Bad Impression: Bills embarrassed in Toronto

Chad Pennington was hot. J.P. Losman was not. And the Bills lost again. Buffalo fell to Miami, 16-3, in front of lackluster 'home' crowd...

So much for that idea.

The Buffalo Bills did little to impress its target fan base in Toronto in a brutal, 16-3 loss to the Miami Dolphins Sunday. Buffalo's offense was held to 163 total yards and Chad Pennington completed his final 11 passes, as the Dolphins (8-5) moved into a three way tie atop the AFC East.

Meanwhile, the Bills' free-fall continued. The once 4-0 and 5-1 Bills are now 6-7, searching for answers all over. In the cozy confines of Toronto's Rogers Centre (where there were more cheers for Miami than Buffalo), the Dolphins dominated in every aspect of the game and now Buffalo is all but officially eliminated from postseason contention.

As he has all season, Pennington was near-flawless at the controls.

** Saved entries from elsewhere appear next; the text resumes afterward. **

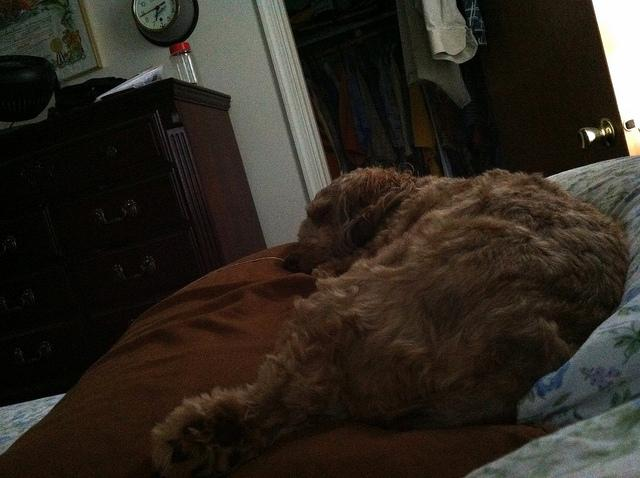What is on the bed? Please explain your reasoning. pet. The pet is on the bed. 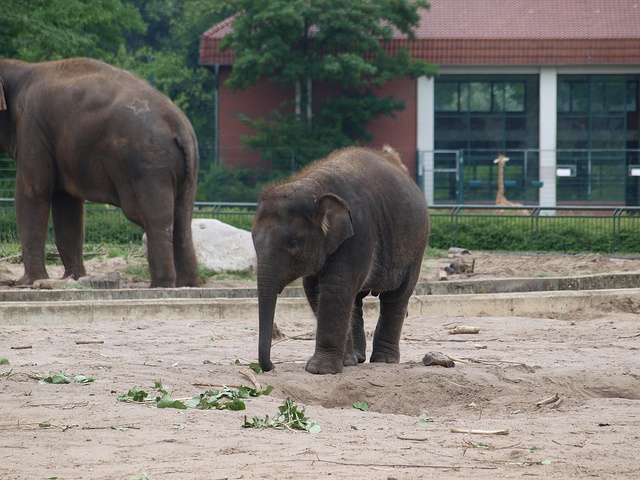Describe the objects in this image and their specific colors. I can see elephant in darkgreen, black, and gray tones, elephant in darkgreen, black, gray, and darkgray tones, and giraffe in darkgreen, gray, and darkgray tones in this image. 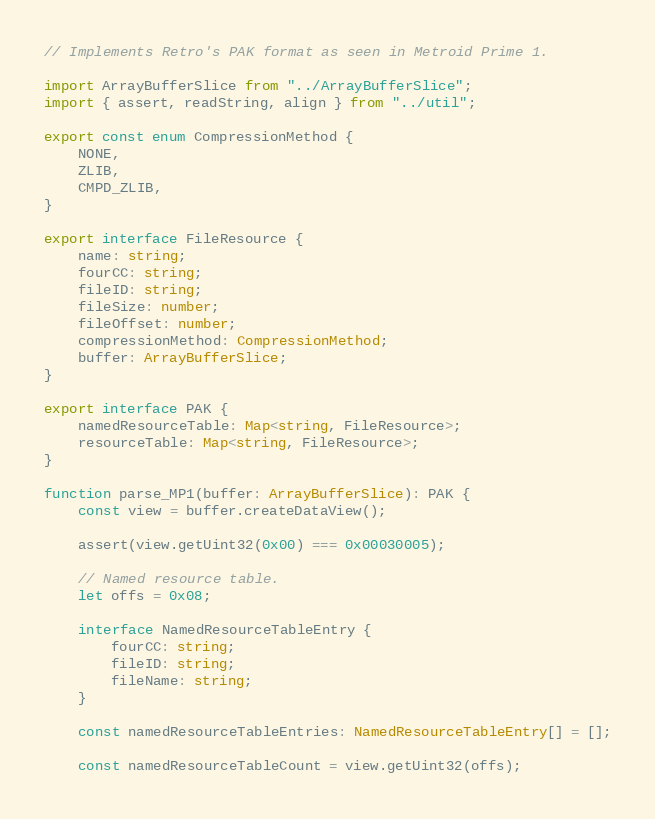Convert code to text. <code><loc_0><loc_0><loc_500><loc_500><_TypeScript_>
// Implements Retro's PAK format as seen in Metroid Prime 1.

import ArrayBufferSlice from "../ArrayBufferSlice";
import { assert, readString, align } from "../util";

export const enum CompressionMethod {
    NONE,
    ZLIB,
    CMPD_ZLIB,
}

export interface FileResource {
    name: string;
    fourCC: string;
    fileID: string;
    fileSize: number;
    fileOffset: number;
    compressionMethod: CompressionMethod;
    buffer: ArrayBufferSlice;
}

export interface PAK {
    namedResourceTable: Map<string, FileResource>;
    resourceTable: Map<string, FileResource>;
}

function parse_MP1(buffer: ArrayBufferSlice): PAK {
    const view = buffer.createDataView();

    assert(view.getUint32(0x00) === 0x00030005);

    // Named resource table.
    let offs = 0x08;

    interface NamedResourceTableEntry {
        fourCC: string;
        fileID: string;
        fileName: string;
    }

    const namedResourceTableEntries: NamedResourceTableEntry[] = [];

    const namedResourceTableCount = view.getUint32(offs);</code>

Completing 23-of-29 passes for 181 yards and a touchdown to tight end Anthony Fasano, Miami's quarterback calmly picked Buffalo's embattled defense apart. Pennington is now only the third Dolphins player ever to eclipse 3,000 yards passing (the other two were Dan Marino and Jay Fiedler).

Consistency on one side. Dysfunction on the other.

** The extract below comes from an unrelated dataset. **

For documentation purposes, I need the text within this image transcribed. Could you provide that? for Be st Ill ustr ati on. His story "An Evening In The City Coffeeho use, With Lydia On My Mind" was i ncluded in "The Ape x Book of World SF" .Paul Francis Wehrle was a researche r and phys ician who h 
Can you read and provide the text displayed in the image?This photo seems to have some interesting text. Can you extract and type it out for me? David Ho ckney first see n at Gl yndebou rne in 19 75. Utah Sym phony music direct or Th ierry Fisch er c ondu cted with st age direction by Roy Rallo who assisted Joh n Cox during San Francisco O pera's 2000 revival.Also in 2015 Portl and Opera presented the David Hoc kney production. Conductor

The J.P. Losman-led Bills offense only mustered three points – a 40-yard boot from Rian Lindell in the first quarter. Buffalo has gone nearly nine quarters without an offensive touchdown. Trent Edwards missed Sunday's game with a groin injury suffered last week against San Francisco. In his place, Losman was Losman: wildly erratic. The contrast between the two quarterbacks decided the game.

Whereas Pennington's steady hand guided Miami to four scoring drives that helped eat up more than 37 minutes on the clock, Losman never found a rhythm. The Bills converted a measly 1-of-10 third downs, thus only controlling the ball for 22 minutes. Losman fumbled three times (losing one) and threw an interception, as the Pennington-led Fins committed zero turnovers.

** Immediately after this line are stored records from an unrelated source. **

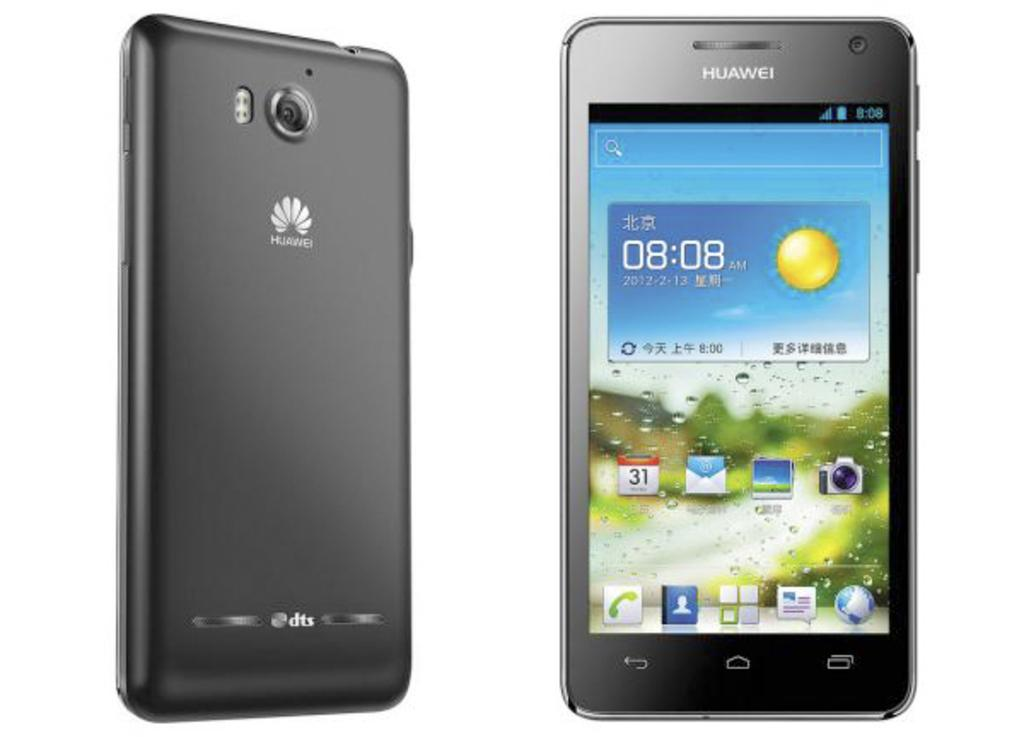<image>
Give a short and clear explanation of the subsequent image. A Huawei brand phone shows that the time is currently 08:08. 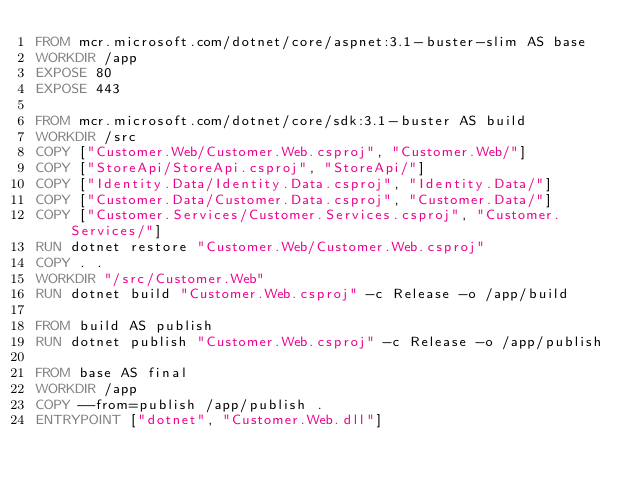<code> <loc_0><loc_0><loc_500><loc_500><_Dockerfile_>FROM mcr.microsoft.com/dotnet/core/aspnet:3.1-buster-slim AS base
WORKDIR /app
EXPOSE 80
EXPOSE 443

FROM mcr.microsoft.com/dotnet/core/sdk:3.1-buster AS build
WORKDIR /src
COPY ["Customer.Web/Customer.Web.csproj", "Customer.Web/"]
COPY ["StoreApi/StoreApi.csproj", "StoreApi/"]
COPY ["Identity.Data/Identity.Data.csproj", "Identity.Data/"]
COPY ["Customer.Data/Customer.Data.csproj", "Customer.Data/"]
COPY ["Customer.Services/Customer.Services.csproj", "Customer.Services/"]
RUN dotnet restore "Customer.Web/Customer.Web.csproj"
COPY . .
WORKDIR "/src/Customer.Web"
RUN dotnet build "Customer.Web.csproj" -c Release -o /app/build

FROM build AS publish
RUN dotnet publish "Customer.Web.csproj" -c Release -o /app/publish

FROM base AS final
WORKDIR /app
COPY --from=publish /app/publish .
ENTRYPOINT ["dotnet", "Customer.Web.dll"]</code> 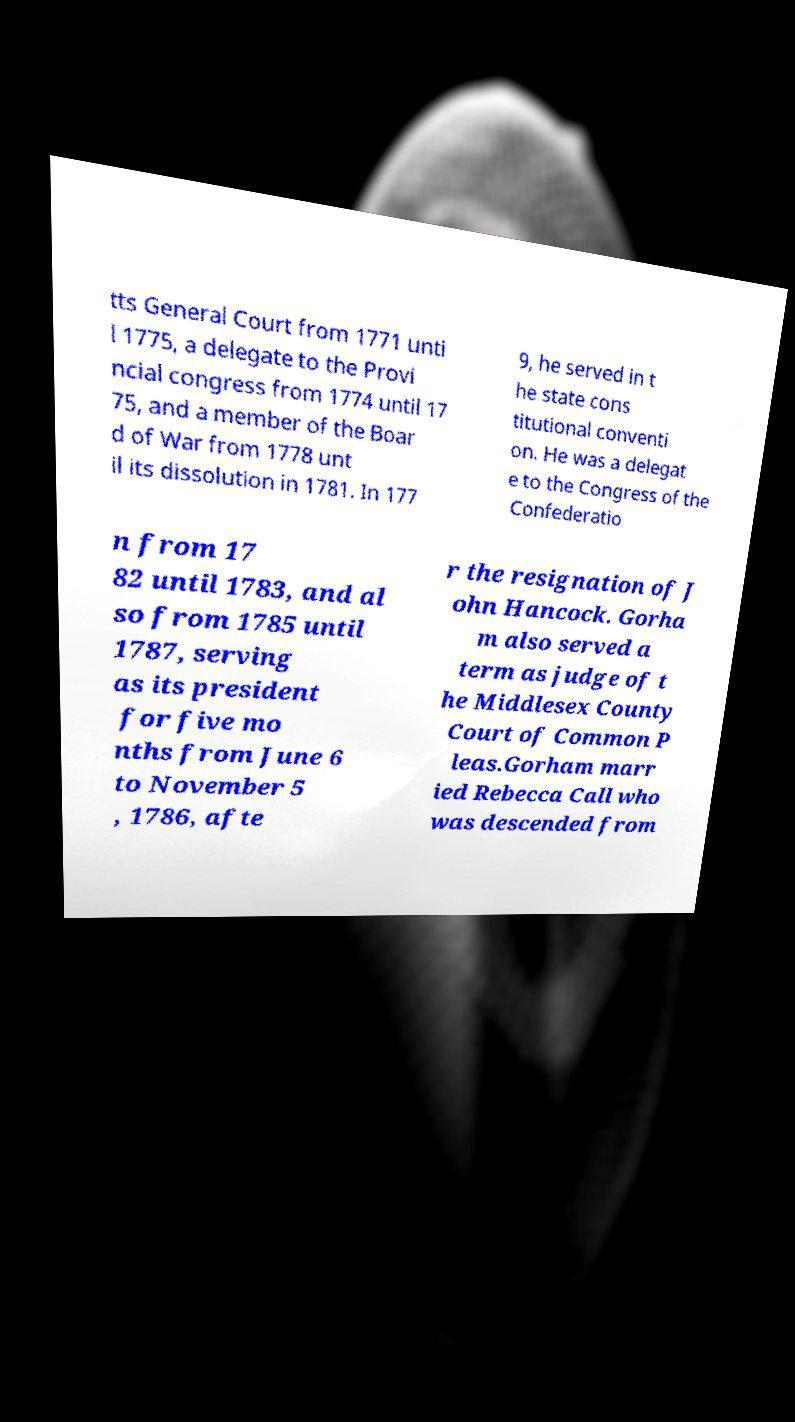Can you accurately transcribe the text from the provided image for me? tts General Court from 1771 unti l 1775, a delegate to the Provi ncial congress from 1774 until 17 75, and a member of the Boar d of War from 1778 unt il its dissolution in 1781. In 177 9, he served in t he state cons titutional conventi on. He was a delegat e to the Congress of the Confederatio n from 17 82 until 1783, and al so from 1785 until 1787, serving as its president for five mo nths from June 6 to November 5 , 1786, afte r the resignation of J ohn Hancock. Gorha m also served a term as judge of t he Middlesex County Court of Common P leas.Gorham marr ied Rebecca Call who was descended from 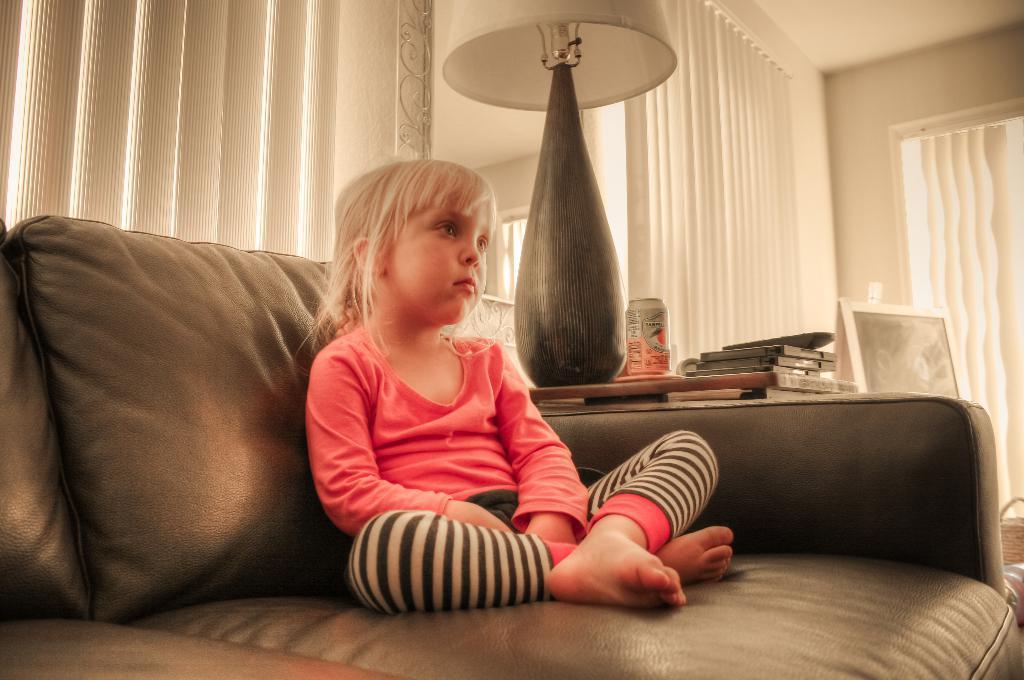Can you describe this image briefly? In this picture there is a girl who is sitting on the sofa there is a lamp at the center of the image and some books on the desk there are curtains around the area of the image.

Those same old Losman tendencies sprouted yet again. The happy feet. The heap-and-hopes. The carelessness. The overall state of constant panic. It was his career and this team in a nutshell.

If the Bills' performance was meek. Fan support was meeker. A game designed to majestically tap into a colossal Toronto market, looked more like reaching for straws. Dolphins jerseys dotted the stadium everywhere, Argonaut and Blue Jay banners hung from the rafters and that negative-wind chill that has given Miami fits for so many years was replaced by a closed roof and 68-degree climate-controlled conditions. Eww.

Also pacing Miami's offense was the rushing tandem of Ronnie Brown and Ricky Williams. The ‘Wildcat' duo combined for 110 yards. Marshawn Lynch, fresh off 332 yards in his last three games, was stuffed all day. Lynch only garnered 31 yards on 13 carries.

But the story was a pathetic atmosphere. Sunday was the regular-season kickoff of the Bills' eight-game Toronto Series. Outside the wind gusted off Lake Ontario to create a zero-degree wind chill --- the type of weather the Bills' home fan base dreams of. The type of weather fans have consistently trucked through to Ralph Wilson Stadium to wildly support their team despite eight straight non-playoff season.

But on Sunday that didn't matter. Inside the up-scale Rogers Centre --- despite the gross ineptitude of a floundering team --- the Bills made nearly $10 million. Fans back home were slighted. Fans in Toronto were delighted to a boring, touchdown-less effort from the Bills.

But money was made. In the end that's all the Bills have to clutch to after another dismal performance.